Suddenly the rear wheels lost their grip on the mud. He
steered into the slide, and when the car was righting itself he saw a rain-slicked figure glisten once in the headlights and disappear.
He also saw the rifle. He pulled on the handbrake, turned off the engine and headlights, and wound down his window. He listened for a moment, his hand drawing out the flat 9 mm Browning he kept in the car. He’d taken out the bulb of the interior light and had the door open when a voice called, ‘Mr Warner? Sorry, Mr Warner, it’s only me.’
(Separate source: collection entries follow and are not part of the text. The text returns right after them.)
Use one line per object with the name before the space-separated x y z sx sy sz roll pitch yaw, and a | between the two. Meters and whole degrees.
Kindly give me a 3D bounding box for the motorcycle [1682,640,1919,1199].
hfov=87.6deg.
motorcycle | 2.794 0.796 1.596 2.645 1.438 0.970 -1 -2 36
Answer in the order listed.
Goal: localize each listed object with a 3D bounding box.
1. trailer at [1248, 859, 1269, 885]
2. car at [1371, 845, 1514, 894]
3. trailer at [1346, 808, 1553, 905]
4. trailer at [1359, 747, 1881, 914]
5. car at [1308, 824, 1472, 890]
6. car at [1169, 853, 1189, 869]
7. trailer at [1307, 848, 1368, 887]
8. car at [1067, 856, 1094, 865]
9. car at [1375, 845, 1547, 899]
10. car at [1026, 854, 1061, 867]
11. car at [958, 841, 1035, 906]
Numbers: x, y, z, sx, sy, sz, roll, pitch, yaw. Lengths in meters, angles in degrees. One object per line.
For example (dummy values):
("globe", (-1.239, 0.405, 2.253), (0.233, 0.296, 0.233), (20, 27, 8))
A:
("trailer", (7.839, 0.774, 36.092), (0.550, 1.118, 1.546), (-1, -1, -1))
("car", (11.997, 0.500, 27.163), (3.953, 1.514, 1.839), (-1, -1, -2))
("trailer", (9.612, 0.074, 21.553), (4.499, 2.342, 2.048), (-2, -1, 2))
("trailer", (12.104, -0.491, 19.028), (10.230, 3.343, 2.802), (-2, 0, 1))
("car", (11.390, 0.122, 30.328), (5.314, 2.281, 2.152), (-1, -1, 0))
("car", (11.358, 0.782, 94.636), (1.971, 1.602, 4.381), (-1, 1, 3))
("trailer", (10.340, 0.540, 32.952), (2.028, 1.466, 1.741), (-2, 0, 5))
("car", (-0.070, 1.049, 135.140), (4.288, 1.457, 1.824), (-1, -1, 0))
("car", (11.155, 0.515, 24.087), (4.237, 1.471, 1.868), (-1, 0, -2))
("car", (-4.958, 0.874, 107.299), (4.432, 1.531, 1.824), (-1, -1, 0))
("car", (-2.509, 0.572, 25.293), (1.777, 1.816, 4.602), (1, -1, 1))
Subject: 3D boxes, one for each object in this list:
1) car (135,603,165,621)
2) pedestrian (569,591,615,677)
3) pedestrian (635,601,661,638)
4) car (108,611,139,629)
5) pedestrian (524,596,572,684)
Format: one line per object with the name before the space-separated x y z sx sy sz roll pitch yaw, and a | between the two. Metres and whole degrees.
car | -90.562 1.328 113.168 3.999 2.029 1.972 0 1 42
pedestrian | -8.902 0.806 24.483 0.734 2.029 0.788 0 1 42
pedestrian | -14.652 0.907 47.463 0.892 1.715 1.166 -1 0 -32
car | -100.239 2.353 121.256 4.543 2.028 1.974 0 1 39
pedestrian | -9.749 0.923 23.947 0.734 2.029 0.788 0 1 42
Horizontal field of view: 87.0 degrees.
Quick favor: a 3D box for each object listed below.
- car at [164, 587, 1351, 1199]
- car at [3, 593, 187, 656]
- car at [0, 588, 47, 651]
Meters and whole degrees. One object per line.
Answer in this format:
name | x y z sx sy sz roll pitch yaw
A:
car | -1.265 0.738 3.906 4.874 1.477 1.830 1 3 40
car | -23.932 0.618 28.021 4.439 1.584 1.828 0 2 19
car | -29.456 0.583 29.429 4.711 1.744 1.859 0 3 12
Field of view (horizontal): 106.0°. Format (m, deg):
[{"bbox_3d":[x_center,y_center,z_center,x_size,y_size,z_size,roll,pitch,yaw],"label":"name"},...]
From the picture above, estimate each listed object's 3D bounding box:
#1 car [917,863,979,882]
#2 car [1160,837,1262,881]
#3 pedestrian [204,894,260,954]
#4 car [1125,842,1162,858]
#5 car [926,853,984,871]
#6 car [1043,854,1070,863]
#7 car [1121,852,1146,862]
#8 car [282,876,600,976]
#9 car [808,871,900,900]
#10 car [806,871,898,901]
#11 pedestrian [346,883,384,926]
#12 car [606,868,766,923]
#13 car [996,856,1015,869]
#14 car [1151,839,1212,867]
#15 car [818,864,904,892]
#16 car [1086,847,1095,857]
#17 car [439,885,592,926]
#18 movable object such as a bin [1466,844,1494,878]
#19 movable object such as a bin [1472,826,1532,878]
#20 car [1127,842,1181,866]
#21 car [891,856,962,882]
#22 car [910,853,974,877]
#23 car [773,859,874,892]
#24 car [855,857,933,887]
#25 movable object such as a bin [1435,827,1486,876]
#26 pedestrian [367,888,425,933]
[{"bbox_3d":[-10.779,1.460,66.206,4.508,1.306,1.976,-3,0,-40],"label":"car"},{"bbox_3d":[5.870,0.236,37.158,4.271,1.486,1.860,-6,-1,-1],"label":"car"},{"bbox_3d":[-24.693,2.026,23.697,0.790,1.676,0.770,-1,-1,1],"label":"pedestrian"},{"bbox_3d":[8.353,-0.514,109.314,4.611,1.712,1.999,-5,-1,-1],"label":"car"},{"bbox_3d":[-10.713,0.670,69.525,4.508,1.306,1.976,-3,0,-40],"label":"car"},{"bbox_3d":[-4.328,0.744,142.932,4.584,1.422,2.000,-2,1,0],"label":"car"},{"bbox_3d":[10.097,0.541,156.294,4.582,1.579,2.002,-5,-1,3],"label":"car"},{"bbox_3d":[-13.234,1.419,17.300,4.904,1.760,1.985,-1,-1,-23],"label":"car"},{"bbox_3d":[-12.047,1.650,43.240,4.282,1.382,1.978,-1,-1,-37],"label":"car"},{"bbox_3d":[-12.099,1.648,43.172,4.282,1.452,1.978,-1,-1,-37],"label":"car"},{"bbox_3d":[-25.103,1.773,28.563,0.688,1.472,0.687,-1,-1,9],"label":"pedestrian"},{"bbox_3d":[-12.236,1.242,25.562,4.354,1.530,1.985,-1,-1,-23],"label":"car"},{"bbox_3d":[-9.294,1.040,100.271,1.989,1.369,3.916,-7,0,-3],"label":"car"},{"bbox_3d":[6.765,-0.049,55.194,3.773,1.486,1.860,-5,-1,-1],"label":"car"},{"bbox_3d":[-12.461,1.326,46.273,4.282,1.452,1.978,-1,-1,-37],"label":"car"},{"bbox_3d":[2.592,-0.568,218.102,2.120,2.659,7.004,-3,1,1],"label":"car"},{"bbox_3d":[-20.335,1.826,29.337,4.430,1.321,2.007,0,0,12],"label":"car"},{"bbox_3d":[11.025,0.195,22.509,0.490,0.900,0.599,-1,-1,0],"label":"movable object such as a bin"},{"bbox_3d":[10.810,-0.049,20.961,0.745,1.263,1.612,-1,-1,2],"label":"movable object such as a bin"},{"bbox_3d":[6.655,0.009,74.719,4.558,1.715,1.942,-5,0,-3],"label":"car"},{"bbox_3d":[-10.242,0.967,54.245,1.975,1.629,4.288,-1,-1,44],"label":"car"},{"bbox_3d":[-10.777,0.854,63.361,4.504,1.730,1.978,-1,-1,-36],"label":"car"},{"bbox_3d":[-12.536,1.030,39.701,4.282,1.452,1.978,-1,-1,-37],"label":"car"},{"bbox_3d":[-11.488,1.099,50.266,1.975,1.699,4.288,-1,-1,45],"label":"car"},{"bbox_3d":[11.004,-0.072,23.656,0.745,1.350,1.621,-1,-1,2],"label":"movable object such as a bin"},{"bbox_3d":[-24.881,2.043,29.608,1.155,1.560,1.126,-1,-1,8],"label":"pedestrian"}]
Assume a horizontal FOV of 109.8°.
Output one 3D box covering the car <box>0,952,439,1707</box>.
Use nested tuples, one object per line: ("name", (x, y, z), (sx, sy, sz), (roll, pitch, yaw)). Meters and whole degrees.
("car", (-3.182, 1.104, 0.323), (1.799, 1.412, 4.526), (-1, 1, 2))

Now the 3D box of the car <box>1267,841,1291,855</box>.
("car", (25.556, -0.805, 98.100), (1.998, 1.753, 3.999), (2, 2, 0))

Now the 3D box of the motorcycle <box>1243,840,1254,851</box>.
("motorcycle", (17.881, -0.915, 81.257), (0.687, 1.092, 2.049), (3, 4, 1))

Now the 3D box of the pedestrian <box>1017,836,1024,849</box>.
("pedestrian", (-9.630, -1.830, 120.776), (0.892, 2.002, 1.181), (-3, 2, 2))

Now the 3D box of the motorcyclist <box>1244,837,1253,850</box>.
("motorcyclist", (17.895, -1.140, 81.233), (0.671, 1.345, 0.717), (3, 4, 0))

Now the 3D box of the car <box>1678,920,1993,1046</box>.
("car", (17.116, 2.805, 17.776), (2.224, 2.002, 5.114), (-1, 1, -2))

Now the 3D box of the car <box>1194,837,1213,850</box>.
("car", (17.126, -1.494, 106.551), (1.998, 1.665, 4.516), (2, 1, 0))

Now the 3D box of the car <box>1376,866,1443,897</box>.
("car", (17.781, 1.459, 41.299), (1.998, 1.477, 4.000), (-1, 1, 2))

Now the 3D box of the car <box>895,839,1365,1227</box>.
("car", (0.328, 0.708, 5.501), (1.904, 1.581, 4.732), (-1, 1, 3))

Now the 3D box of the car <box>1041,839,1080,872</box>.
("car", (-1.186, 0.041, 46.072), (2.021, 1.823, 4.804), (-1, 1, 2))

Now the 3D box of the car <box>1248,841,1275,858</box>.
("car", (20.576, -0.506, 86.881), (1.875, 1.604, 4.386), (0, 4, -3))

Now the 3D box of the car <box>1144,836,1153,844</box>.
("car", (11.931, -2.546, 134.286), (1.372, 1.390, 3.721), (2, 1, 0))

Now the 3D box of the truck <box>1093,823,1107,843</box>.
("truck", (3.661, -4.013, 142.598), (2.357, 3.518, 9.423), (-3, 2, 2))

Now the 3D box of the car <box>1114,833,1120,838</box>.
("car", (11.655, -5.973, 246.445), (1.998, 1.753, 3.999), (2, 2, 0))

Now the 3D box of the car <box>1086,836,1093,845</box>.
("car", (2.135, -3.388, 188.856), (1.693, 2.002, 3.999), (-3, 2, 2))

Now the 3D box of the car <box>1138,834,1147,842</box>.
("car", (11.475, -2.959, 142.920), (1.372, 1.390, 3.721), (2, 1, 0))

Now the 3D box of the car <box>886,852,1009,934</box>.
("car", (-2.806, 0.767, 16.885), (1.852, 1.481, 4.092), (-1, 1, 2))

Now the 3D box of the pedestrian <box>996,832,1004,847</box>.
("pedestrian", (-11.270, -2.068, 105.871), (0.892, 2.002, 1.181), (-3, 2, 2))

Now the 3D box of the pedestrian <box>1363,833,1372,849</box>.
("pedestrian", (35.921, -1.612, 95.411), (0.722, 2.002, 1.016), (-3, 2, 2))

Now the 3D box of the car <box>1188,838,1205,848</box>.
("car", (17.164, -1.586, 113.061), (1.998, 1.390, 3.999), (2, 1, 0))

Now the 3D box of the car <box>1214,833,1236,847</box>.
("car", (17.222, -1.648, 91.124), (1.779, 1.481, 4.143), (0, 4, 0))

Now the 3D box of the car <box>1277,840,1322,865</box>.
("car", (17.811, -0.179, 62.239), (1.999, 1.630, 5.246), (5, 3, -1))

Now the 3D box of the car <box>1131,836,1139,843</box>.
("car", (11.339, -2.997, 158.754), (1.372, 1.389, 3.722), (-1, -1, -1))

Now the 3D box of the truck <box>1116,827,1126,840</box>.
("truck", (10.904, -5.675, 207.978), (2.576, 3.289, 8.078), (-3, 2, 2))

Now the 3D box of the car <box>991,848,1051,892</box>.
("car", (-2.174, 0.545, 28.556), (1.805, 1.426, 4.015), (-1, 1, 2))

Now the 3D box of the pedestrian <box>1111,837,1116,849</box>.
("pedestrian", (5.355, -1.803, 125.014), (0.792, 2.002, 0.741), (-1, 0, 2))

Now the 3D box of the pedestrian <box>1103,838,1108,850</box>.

The figure that stepped out of the cypresses and onto the track wore a stockman’s waterproof coat and carried a powerful torch and a hunting rifle. It was the neighbour’s son. Wyatt hid the Browning again. ‘Craig,’ he said.
‘Sorry, Mr Warner. That damn fox again.’
Now Wyatt could see Craig’s pimples and earnest face and the troubling raindrops in his eyelashes. ‘Did you get him?’
‘I tell you what,’ Craig said, shaking his head in wonder, ‘he’s a cunning bugger.’
Wyatt nodded. He started the car again. ‘Well, good luck,’ he said.
‘Night, Mr Warner. Sorry if I startled you.’
Wyatt continued along his driveway and across his yard and into the old shed he used as a garage. He backed in, to give himself that second or two of forward advantage if ever he had to run for it, and tucked the ignition key in a slot under the steering column.
He went to bed then and in his dreams gave way to impulses to hurt and kill. He woke up sweating. He tried to read but he felt dissatisfied, on edge. It was bad enough that he’d spent hours on a minor job with second-raters and come out of it minus the money, but he’d also been too close to losing control back there in Ivan Younger’s storeroom. A job was a job; there was no room for emotions. He had hurt and killed before, but only when necessary. Otherwise it became the solution to everything and that was dangerous.